YOUR TASK -> Only what runs from the line with "Do the same for the sneakers" to the final line of the records below should be given again, word for word.
★ ★ ★ ★ ★
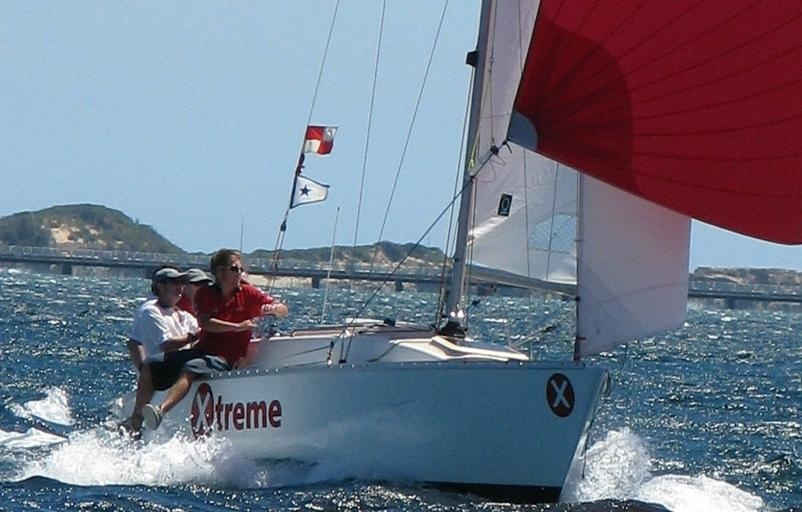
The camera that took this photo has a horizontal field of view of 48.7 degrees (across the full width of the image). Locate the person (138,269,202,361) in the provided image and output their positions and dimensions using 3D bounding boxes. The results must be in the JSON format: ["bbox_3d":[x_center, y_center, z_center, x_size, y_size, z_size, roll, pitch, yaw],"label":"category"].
[{"bbox_3d":[-2.184,0.641,8.275,0.593,1.079,0.551,-1,-6,-16],"label":"person"}]

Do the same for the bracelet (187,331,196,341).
[{"bbox_3d":[-1.925,0.730,8.016,0.064,0.042,0.108,0,1,-19],"label":"bracelet"}]

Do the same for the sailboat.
[{"bbox_3d":[-0.783,1.074,8.198,2.028,2.086,4.498,6,-13,-39],"label":"sailboat"}]

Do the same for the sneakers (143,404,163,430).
[{"bbox_3d":[-2.119,1.351,7.464,0.129,0.252,0.105,0,4,29],"label":"sneakers"}]

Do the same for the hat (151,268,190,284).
[{"bbox_3d":[-2.171,0.191,8.200,0.204,0.111,0.165,-1,0,-9],"label":"hat"}]
★ ★ ★ ★ ★
WRITTEN ANSWER ->
Do the same for the sneakers (143,404,163,430).
[{"bbox_3d":[-2.119,1.351,7.464,0.129,0.252,0.105,0,4,29],"label":"sneakers"}]

Do the same for the hat (151,268,190,284).
[{"bbox_3d":[-2.171,0.191,8.200,0.204,0.111,0.165,-1,0,-9],"label":"hat"}]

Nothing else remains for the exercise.